The term whistleblowing refers to the information of third parties by employees about grievances they learn about at their workplace. On 16 December 2019, the so-called Whistleblowing Directive came into force. This must be implemented in national law by 17 December 2021. With the Whistleblowing Directive, the EU legislator wants to ensure that people who report a violation of the law can be confident that they can express this concern without having to fear reprisals. The directive must be implemented with a sense of proportion.
It is in the interest of companies to detect and eliminate errors at an early stage. For this reason, many companies already have internal whistleblowing facilities. In addition, there are statutory regulations on the reporting of malpractice in companies. These include § 17 ArbSchG and §§ 84, 85 BetrVG. In particular, the prohibition of measures regulated in § 612a of the German Civil Code (BGB) ensures sufficient protection for whistleblowers. The Federal Labour Court has also established important guidelines as to the cases in which employees are entitled to report to third parties.
The Whistleblowing Directive requires companies with 50 or more employees to establish internal reporting channels and procedures for dealing with whistleblowers. The well-balanced system for the protection of whistleblowers - particularly in employment law - must not be impaired by the transposition of the Directive into German law. The Directive only mentions breaches of the law. In the case of whistleblowing, the motivation of the employee is a decisive element in the case law of the Federal Labour Court, and rightly so.
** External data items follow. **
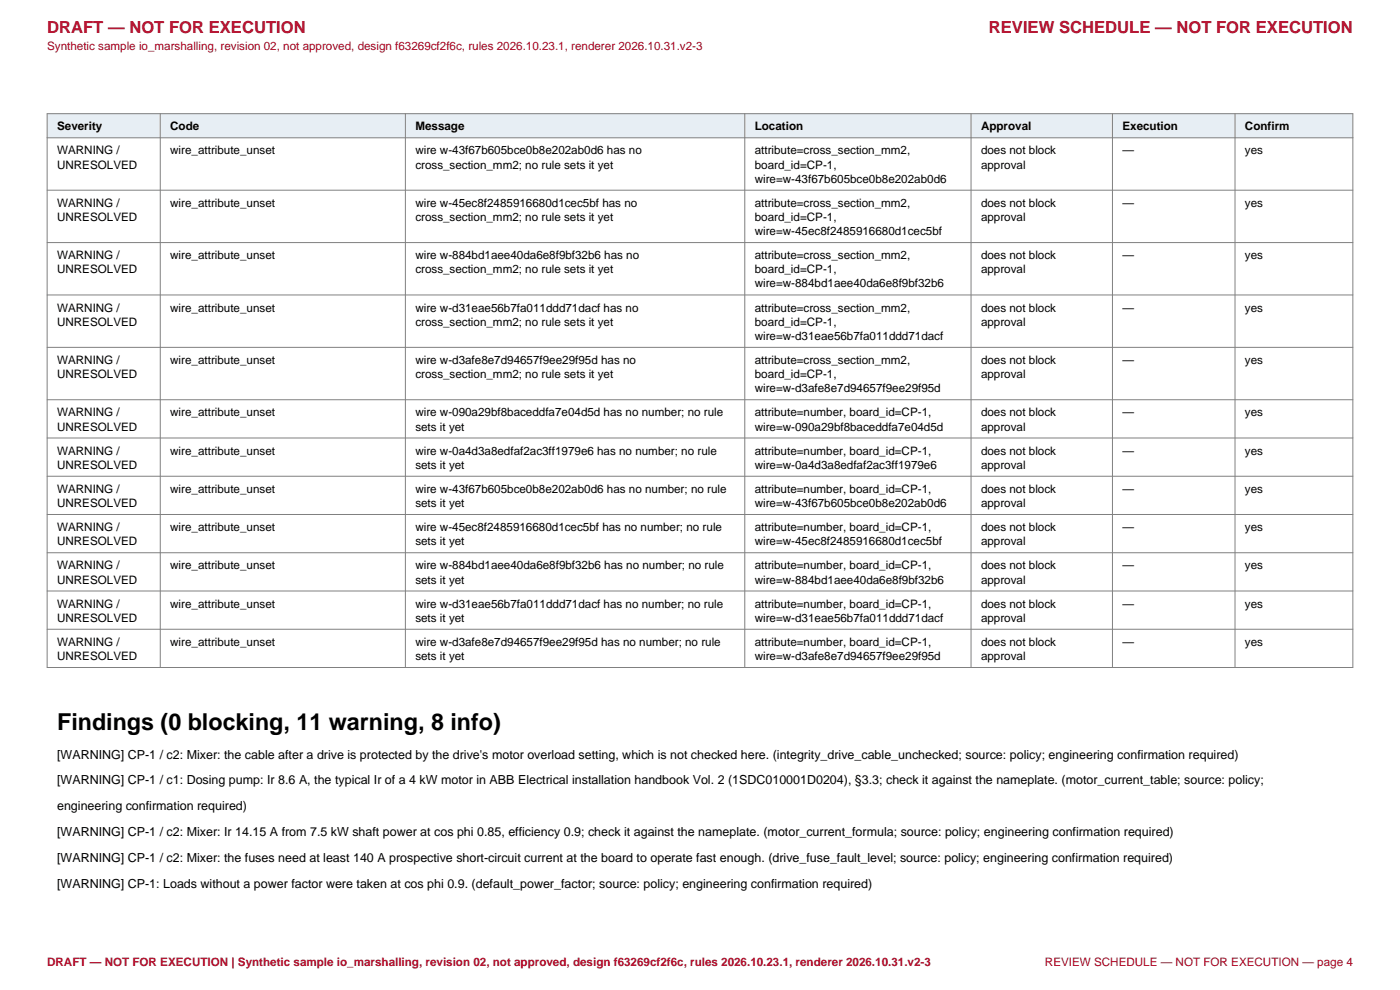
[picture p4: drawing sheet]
<svg xmlns="http://www.w3.org/2000/svg" width="297mm" height="210mm" viewBox="0 0 297 210" stroke-linecap="round" stroke-linejoin="round" font-family="sans-serif">
<defs><g id="words">
<text font-size="4.9" x="12.1" y="154.8">Findings (0 blocking, 11 warning, 8 info)</text>
<g font-size="3.5" fill="#b00020">
<text x="10" y="7">DRAFT — NOT FOR EXECUTION</text>
<text x="209.8" y="7">REVIEW SCHEDULE — NOT FOR EXECUTION</text>
</g>
<g font-size="2.6">
<text x="12.1" y="160.9">[WARNING] CP-1 / c2: Mixer: the cable after a drive is protected by the drive's motor overload setting, which is not checked here. (integrity_drive_cable_unchecked; source: policy; engineering confirmation required)</text>
<text x="12.1" y="166.4">[WARNING] CP-1 / c1: Dosing pump: Ir 8.6 A, the typical Ir of a 4 kW motor in ABB Electrical installation handbook Vol. 2 (1SDC010001D0204), §3.3; check it against the nameplate. (motor_current_table; source: policy;</text>
<text x="12.1" y="171.9">engineering confirmation required)</text>
<text x="12.1" y="177.3">[WARNING] CP-1 / c2: Mixer: Ir 14.15 A from 7.5 kW shaft power at cos phi 0.85, efficiency 0.9; check it against the nameplate. (motor_current_formula; source: policy; engineering confirmation required)</text>
<text x="12.1" y="182.8">[WARNING] CP-1 / c2: Mixer: the fuses need at least 140 A prospective short-circuit current at the board to operate fast enough. (drive_fuse_fault_level; source: policy; engineering confirmation required)</text>
<text x="12.1" y="188.3">[WARNING] CP-1: Loads without a power factor were taken at cos phi 0.9. (default_power_factor; source: policy; engineering confirmation required)</text>
</g>
<g font-size="2.5" fill="#b00020">
<text x="10" y="10.5">Synthetic sample io_marshalling, revision 02, not approved, design f63269cf2f6c, rules 2026.10.23.1, renderer 2026.10.31.v2-3</text>
<text x="10" y="205">DRAFT — NOT FOR EXECUTION | Synthetic sample io_marshalling, revision 02, not approved, design f63269cf2f6c, rules 2026.10.23.1, renderer 2026.10.31.v2-3</text>
<text x="221.7" y="205">REVIEW SCHEDULE — NOT FOR EXECUTION — page 4</text>
</g>
<g font-size="2.5">
<text x="12.1" y="27.6">Severity</text>
<text x="36.1" y="27.6">Code</text>
<text x="88.1" y="27.6">Message</text>
<text x="160.1" y="27.6">Location</text>
<text x="208.1" y="27.6">Approval</text>
<text x="238.1" y="27.6">Execution</text>
<text x="264.1" y="27.6">Confirm</text>
<text x="12.1" y="32.8">WARNING /</text>
<text x="12.1" y="35.8">UNRESOLVED</text>
<text x="36.1" y="32.8">wire_attribute_unset</text>
<text x="88.1" y="32.8">wire w-43f67b605bce0b8e202ab0d6 has no</text>
<text x="88.1" y="35.8">cross_section_mm2; no rule sets it yet</text>
<text x="160.1" y="32.8">attribute=cross_section_mm2,</text>
<text x="160.1" y="35.8">board_id=CP-1,</text>
<text x="208.1" y="32.8">does not block</text>
<text x="208.1" y="35.8">approval</text>
<text x="238.1" y="32.8">—</text>
<text x="264.1" y="32.8">yes</text>
<text x="160.1" y="38.8">wire=w-43f67b605bce0b8e202ab0d6</text>
<text x="12.1" y="43.9">WARNING /</text>
<text x="12.1" y="46.9">UNRESOLVED</text>
<text x="36.1" y="43.9">wire_attribute_unset</text>
<text x="88.1" y="43.9">wire w-45ec8f2485916680d1cec5bf has no</text>
<text x="88.1" y="46.9">cross_section_mm2; no rule sets it yet</text>
<text x="160.1" y="43.9">attribute=cross_section_mm2,</text>
<text x="160.1" y="46.9">board_id=CP-1,</text>
<text x="208.1" y="43.9">does not block</text>
<text x="208.1" y="46.9">approval</text>
<text x="238.1" y="43.9">—</text>
<text x="264.1" y="43.9">yes</text>
<text x="160.1" y="49.9">wire=w-45ec8f2485916680d1cec5bf</text>
<text x="12.1" y="55">WARNING /</text>
<text x="12.1" y="58">UNRESOLVED</text>
<text x="36.1" y="55">wire_attribute_unset</text>
<text x="88.1" y="55">wire w-884bd1aee40da6e8f9bf32b6 has no</text>
<text x="88.1" y="58">cross_section_mm2; no rule sets it yet</text>
<text x="160.1" y="55">attribute=cross_section_mm2,</text>
<text x="160.1" y="58">board_id=CP-1,</text>
<text x="208.1" y="55">does not block</text>
<text x="208.1" y="58">approval</text>
<text x="238.1" y="55">—</text>
<text x="264.1" y="55">yes</text>
<text x="160.1" y="61">wire=w-884bd1aee40da6e8f9bf32b6</text>
<text x="12.1" y="66.1">WARNING /</text>
<text x="12.1" y="69.1">UNRESOLVED</text>
<text x="36.1" y="66.1">wire_attribute_unset</text>
<text x="88.1" y="66.1">wire w-d31eae56b7fa011ddd71dacf has no</text>
<text x="88.1" y="69.1">cross_section_mm2; no rule sets it yet</text>
<text x="160.1" y="66.1">attribute=cross_section_mm2,</text>
<text x="160.1" y="69.1">board_id=CP-1,</text>
<text x="208.1" y="66.1">does not block</text>
<text x="208.1" y="69.1">approval</text>
<text x="238.1" y="66.1">—</text>
<text x="264.1" y="66.1">yes</text>
<text x="12.1" y="77.2">WARNING /</text>
<text x="36.1" y="77.2">wire_attribute_unset</text>
<text x="88.1" y="77.2">wire w-d3afe8e7d94657f9ee29f95d has no</text>
<text x="160.1" y="72.1">wire=w-d31eae56b7fa011ddd71dacf</text>
<text x="160.1" y="77.2">attribute=cross_section_mm2,</text>
<text x="208.1" y="77.2">does not block</text>
<text x="238.1" y="77.2">—</text>
<text x="264.1" y="77.2">yes</text>
<text x="12.1" y="80.2">UNRESOLVED</text>
<text x="88.1" y="80.2">cross_section_mm2; no rule sets it yet</text>
<text x="160.1" y="80.2">board_id=CP-1,</text>
<text x="160.1" y="83.2">wire=w-d3afe8e7d94657f9ee29f95d</text>
<text x="208.1" y="80.2">approval</text>
<text x="12.1" y="88.3">WARNING /</text>
<text x="36.1" y="88.3">wire_attribute_unset</text>
<text x="88.1" y="88.3">wire w-090a29bf8baceddfa7e04d5d has no number; no rule</text>
<text x="160.1" y="88.3">attribute=number, board_id=CP-1,</text>
<text x="208.1" y="88.3">does not block</text>
<text x="238.1" y="88.3">—</text>
<text x="264.1" y="88.3">yes</text>
<text x="12.1" y="91.3">UNRESOLVED</text>
<text x="88.1" y="91.3">sets it yet</text>
<text x="160.1" y="91.3">wire=w-090a29bf8baceddfa7e04d5d</text>
<text x="208.1" y="91.3">approval</text>
<text x="12.1" y="96.4">WARNING /</text>
<text x="12.1" y="99.4">UNRESOLVED</text>
<text x="36.1" y="96.4">wire_attribute_unset</text>
<text x="88.1" y="96.4">wire w-0a4d3a8edfaf2ac3ff1979e6 has no number; no rule</text>
<text x="88.1" y="99.4">sets it yet</text>
<text x="160.1" y="96.4">attribute=number, board_id=CP-1,</text>
<text x="160.1" y="99.4">wire=w-0a4d3a8edfaf2ac3ff1979e6</text>
<text x="208.1" y="96.4">does not block</text>
<text x="208.1" y="99.4">approval</text>
<text x="238.1" y="96.4">—</text>
<text x="264.1" y="96.4">yes</text>
<text x="12.1" y="104.5">WARNING /</text>
<text x="12.1" y="107.5">UNRESOLVED</text>
<text x="36.1" y="104.5">wire_attribute_unset</text>
<text x="88.1" y="104.5">wire w-43f67b605bce0b8e202ab0d6 has no number; no rule</text>
<text x="88.1" y="107.5">sets it yet</text>
<text x="160.1" y="104.5">attribute=number, board_id=CP-1,</text>
<text x="160.1" y="107.5">wire=w-43f67b605bce0b8e202ab0d6</text>
<text x="208.1" y="104.5">does not block</text>
<text x="208.1" y="107.5">approval</text>
<text x="238.1" y="104.5">—</text>
<text x="264.1" y="104.5">yes</text>
<text x="12.1" y="112.7">WARNING /</text>
<text x="36.1" y="112.7">wire_attribute_unset</text>
<text x="88.1" y="112.7">wire w-45ec8f2485916680d1cec5bf has no number; no rule</text>
<text x="160.1" y="112.7">attribute=number, board_id=CP-1,</text>
<text x="208.1" y="112.7">does not block</text>
<text x="238.1" y="112.7">—</text>
<text x="264.1" y="112.7">yes</text>
<text x="12.1" y="115.7">UNRESOLVED</text>
<text x="88.1" y="115.7">sets it yet</text>
<text x="160.1" y="115.7">wire=w-45ec8f2485916680d1cec5bf</text>
<text x="208.1" y="115.7">approval</text>
<text x="12.1" y="120.8">WARNING /</text>
<text x="12.1" y="123.8">UNRESOLVED</text>
<text x="36.1" y="120.8">wire_attribute_unset</text>
<text x="88.1" y="120.8">wire w-884bd1aee40da6e8f9bf32b6 has no number; no rule</text>
<text x="88.1" y="123.8">sets it yet</text>
<text x="160.1" y="120.8">attribute=number, board_id=CP-1,</text>
<text x="160.1" y="123.8">wire=w-884bd1aee40da6e8f9bf32b6</text>
<text x="208.1" y="120.8">does not block</text>
<text x="208.1" y="123.8">approval</text>
<text x="238.1" y="120.8">—</text>
<text x="264.1" y="120.8">yes</text>
<text x="12.1" y="128.9">WARNING /</text>
<text x="12.1" y="131.9">UNRESOLVED</text>
<text x="36.1" y="128.9">wire_attribute_unset</text>
<text x="88.1" y="128.9">wire w-d31eae56b7fa011ddd71dacf has no number; no rule</text>
<text x="88.1" y="131.9">sets it yet</text>
<text x="160.1" y="128.9">attribute=number, board_id=CP-1,</text>
<text x="160.1" y="131.9">wire=w-d31eae56b7fa011ddd71dacf</text>
<text x="208.1" y="128.9">does not block</text>
<text x="208.1" y="131.9">approval</text>
<text x="238.1" y="128.9">—</text>
<text x="264.1" y="128.9">yes</text>
<text x="12.1" y="137">WARNING /</text>
<text x="36.1" y="137">wire_attribute_unset</text>
<text x="88.1" y="137">wire w-d3afe8e7d94657f9ee29f95d has no number; no rule</text>
<text x="160.1" y="137">attribute=number, board_id=CP-1,</text>
<text x="208.1" y="137">does not block</text>
<text x="238.1" y="137">—</text>
<text x="264.1" y="137">yes</text>
<text x="12.1" y="140">UNRESOLVED</text>
<text x="88.1" y="140">sets it yet</text>
<text x="160.1" y="140">wire=w-d3afe8e7d94657f9ee29f95d</text>
<text x="208.1" y="140">approval</text>
</g>
</g></defs>
<path d="M10 24.1h277v5.1h-277z" fill-rule="evenodd" fill="#e7eef4"/>
<g fill="none" stroke="#808080" stroke-width=".21">
<path d="M10 24.1h277v117.5h-277zM10 29.2h277M34 24.1v117.5M86 24.1v117.5M158 24.1v117.5M206 24.1v117.5M236 24.1v117.5M262 24.1v117.5M10 40.3h277M10 51.5h277M10 62.6h277M10 73.7h277"/>
<path d="M10 84.8h277M10 92.9h277M10 101h277M10 109.1h277M10 117.2h277M10 125.4h277M10 133.5h277"/>
</g>
<use href="#words"/>
</svg>

In principle, the internal complaints channel must always be followed first. In this context, companies must be able to decide for themselves how to set up the reporting channels. In German labour law, there is a well-balanced system for the protection of persons exercising their rights in a permissible manner. In its decision of 21 July 2011, the European Court of Human Rights (ECtHR) basically approved the previous case law and the applicable legal situation in Germany and confirmed the priority of internal clarification as well as the possibility of sanctions for abusive or frivolous reporting.